The answer to these remarks has been anticipated.(6*) The ridicule lies in supposing the endeavour to cure a man of his weakness to consist in one phlegmatic and solitary expostulation, instead of conceiving it to be accompanied with the vigour of conscious truth, and the progressive regularity of a course of instruction.

Let us take up the subject in a view, in some degree varying from that in which it was formerly considered. We have endeavoured to establish, in the commencement of the present book, the principles of justice, relative to the distribution of the goods of fortune. Let us enquire Whether the principles there delivered can be made productive of conviction to the rich; whether they can be made productive of conviction, in cases not immediately connected with personal interest; and whether they can be made productive of conviction to the poor?

Is it possible for a rich man to see that the costly gratifications in which he indulges are comparatively of little value, and that he may arrive at everything that is most essential in happiness or pleasure, by means of the three other sources formerly enumerated,(7*) subsistence, unexpensive gratifications, and the means of intellectual and moral improvement? Is it possible for him to understand the calculation, 'in every glass that he drinks, and every ornament that he annexes to his person', of 'how many individuals have been condemned to slavery and sweat, incessant drudgery, unwholesome food, continual hardships, deplorable ignorance and brutal insensibility, that he may be supplied with these luxuries'?(8*) Is it possible for a man to have these ideas so repeatedly suggested to his mind, so strongly impressed, and so perpetually haunting him, as finally to induce a rich man to desire, with respect to personal gratifications, to live as if he were a poor one? It is not conceivable but that every one of these questions must be answered in the affirmative.

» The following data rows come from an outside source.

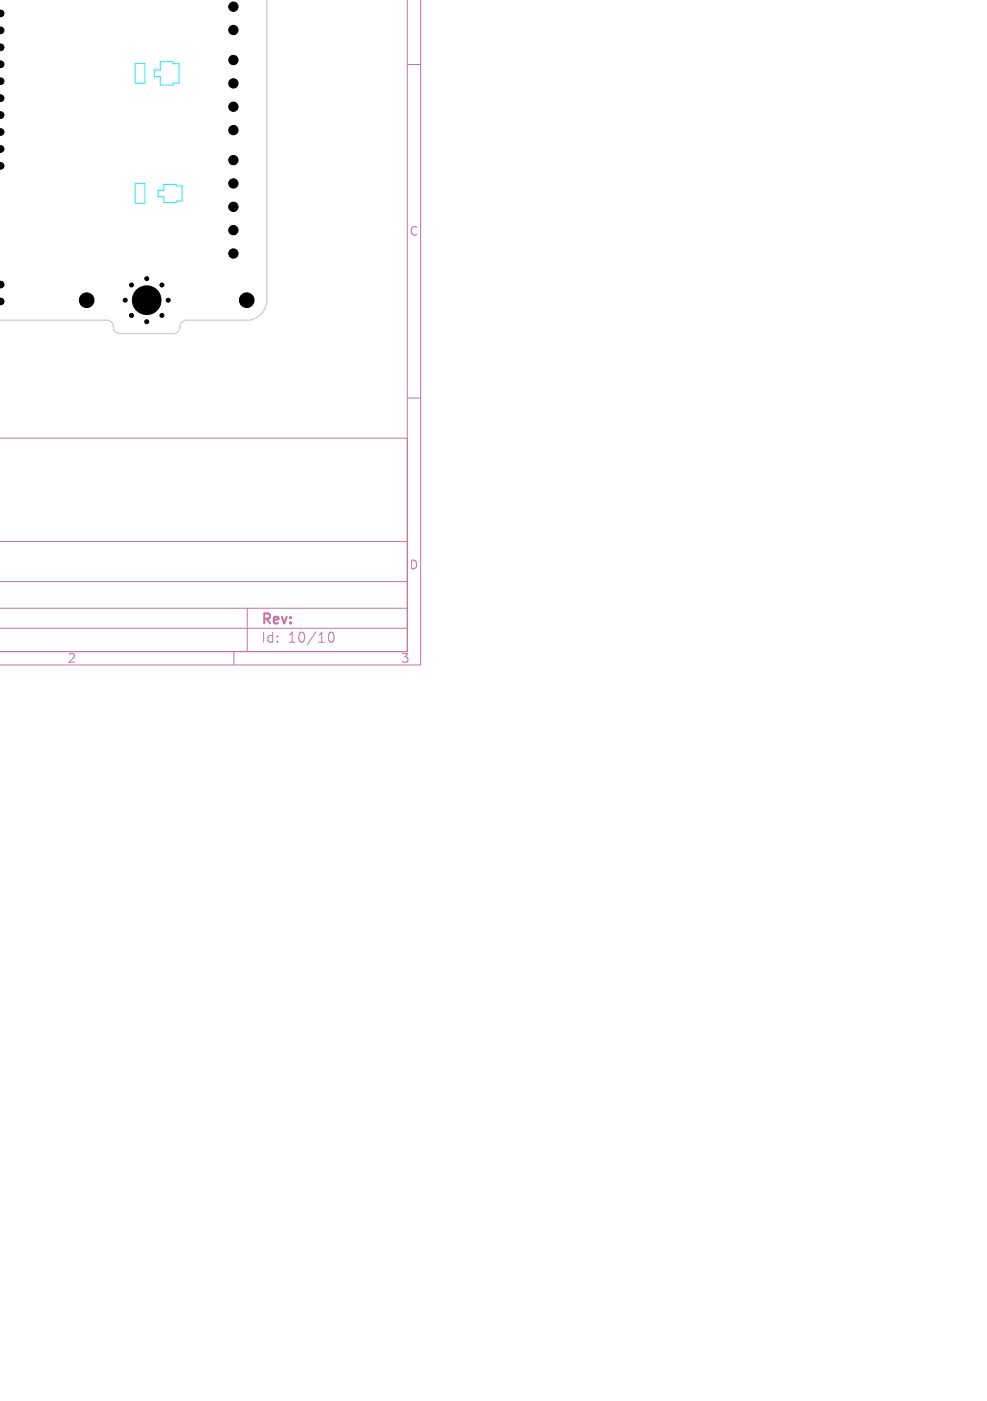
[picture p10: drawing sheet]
<svg xmlns="http://www.w3.org/2000/svg" width="148mm" height="210mm" viewBox="0 0 148 210" stroke-linecap="round" stroke-linejoin="round" font-family="sans-serif">
<defs><g id="words">
<g font-size="2.1" fill="#c872ab">
<text x="39.1" y="94">Rev:</text>
<text x="39.1" y="96.6">Id:</text>
<text x="43.2" y="96.6">10/10</text>
</g>
<g font-size="1.8" fill="#c872ab">
<text x="61.3" y="35.5">C</text>
<text x="61.3" y="85.5">D</text>
<text x="10.1" y="99.6">2</text>
<text x="60.1" y="99.6">3</text>
</g>
</g></defs>
<path d="M61.1 0v97.7h-61.2h61.2v-32h-61.1M63.1 0v99.7h-63.1M61.1 9.7h2M61.1 59.7h2M0 94.2h61.1M0 91.2h61.1M0 87.2h61.1M0 81.2h61.1M35.1 97.7v2M37.1 91.2v6.5M49.4 94.9l.3-.1a.94 .94 0 0 1 0 1.5h-.1a.91 .91 0 0 1-.2-1.4z" fill="none" stroke="#c872ab" stroke-width=".15"/>
<path d="M20.3 9.5h1.4v3h-1.4zM24 9.2h2v.3h.9v3h-.9v.3h-2v-1.3h-.9v-1h.9zM20.3 27.5h1.4v3h-1.4zM24.6 27.6h1.8v.3h.9v2.2h-.9v.3h-1.8v-.9h-.9v-1h.9z" fill="none" stroke="#26e9ff" stroke-width=".15"/>
<path d="M40 0v45a3 3 0 0 1-3 3h-9a1.16 1.16 0 0 0-1.1 1.3l-.3 .5-.5 .2h-8.1a1.16 1.16 0 0 1-1.1-1.3l-.3-.5-.6-.2h-16.1" fill="none" stroke="#d0d2cd" stroke-width=".2"/>
<g fill="#000" stroke="#000" stroke-width=".15">
<path d="M-.1 -.1h.7zM-.1 19.4a.47 .47 0 0 1 .7 .4 .47 .47 0 0 1-.7 .4zM-.1 16.8a.47 .47 0 0 1 .7 .5 .47 .47 0 0 1-.7 .4zM-.1 14.3a.47 .47 0 0 1 .7 .4 .47 .47 0 0 1-.7 .4zM-.1 11.7a.47 .47 0 0 1 .7 .5 .47 .47 0 0 1-.7 .4zM-.1 9.2a.47 .47 0 0 1 .7 .4 .47 .47 0 0 1-.7 .5zM-.1 6.7a.47 .47 0 0 1 .7 .4 .47 .47 0 0 1-.7 .4zM-.1 4.1a.47 .47 0 0 1 .7 .5 .47 .47 0 0 1-.7 .4zM-.1 1.6a.47 .47 0 0 1 .7 .4 .47 .47 0 0 1-.7 .4zM-.1 24.4a.47 .47 0 0 1 .7 .5 .47 .47 0 0 1-.7 .4zM-.1 21.9a.47 .47 0 0 1 .7 .4 .47 .47 0 0 1-.7 .5zM-.1 42.2a.47 .47 0 0 1 .7 .5 .47 .47 0 0 1-.7 .4z"/>
<path d="M-.1 44.8a.47 .47 0 0 1 .7 .4 .47 .47 0 0 1-.7 .4z"/>
<circle cx="35" cy="4.5" r=".7"/>
<circle cx="35" cy="12.5" r=".7"/>
<circle cx="35" cy="19.5" r=".7"/>
<circle cx="35" cy="9" r=".7"/>
<circle cx="35" cy="16" r=".7"/>
<circle cx="35" cy="1" r=".7"/>
<circle cx="35" cy="27.5" r=".7"/>
<circle cx="35" cy="34.5" r=".7"/>
<circle cx="35" cy="31" r=".7"/>
<circle cx="35" cy="24" r=".7"/>
<circle cx="35" cy="38" r=".7"/>
<circle cx="13" cy="45" r="1.1"/>
<circle cx="18.8" cy="45" r=".3"/>
<circle cx="19.7" cy="42.7" r=".3"/>
<circle cx="19.7" cy="47.3" r=".3"/>
<circle cx="22" cy="45" r="2.15"/>
<circle cx="22" cy="48.2" r=".3"/>
<circle cx="22" cy="41.8" r=".3"/>
<circle cx="24.3" cy="42.7" r=".3"/>
<circle cx="24.3" cy="47.3" r=".3"/>
<circle cx="25.2" cy="45" r=".3"/>
<circle cx="37" cy="45" r="1.1"/>
</g>
<use href="#words"/>
</svg>

Be it observed by the way that the motives for a rich man to live as if he were a poor one are very inferior now to what they would be when a general sympathy upon this subject had taken place, and a general illumination had diffused itself.

If then it be possible for a rich man, from the mere apprehensions of justice, voluntarily to desire to live as if he were a poor one, we shall have still less hesitation in affirming that a sentiment of justice in this matter may be made productive of conviction, in cases not immediately connected with personal interest, and of conviction to the poor.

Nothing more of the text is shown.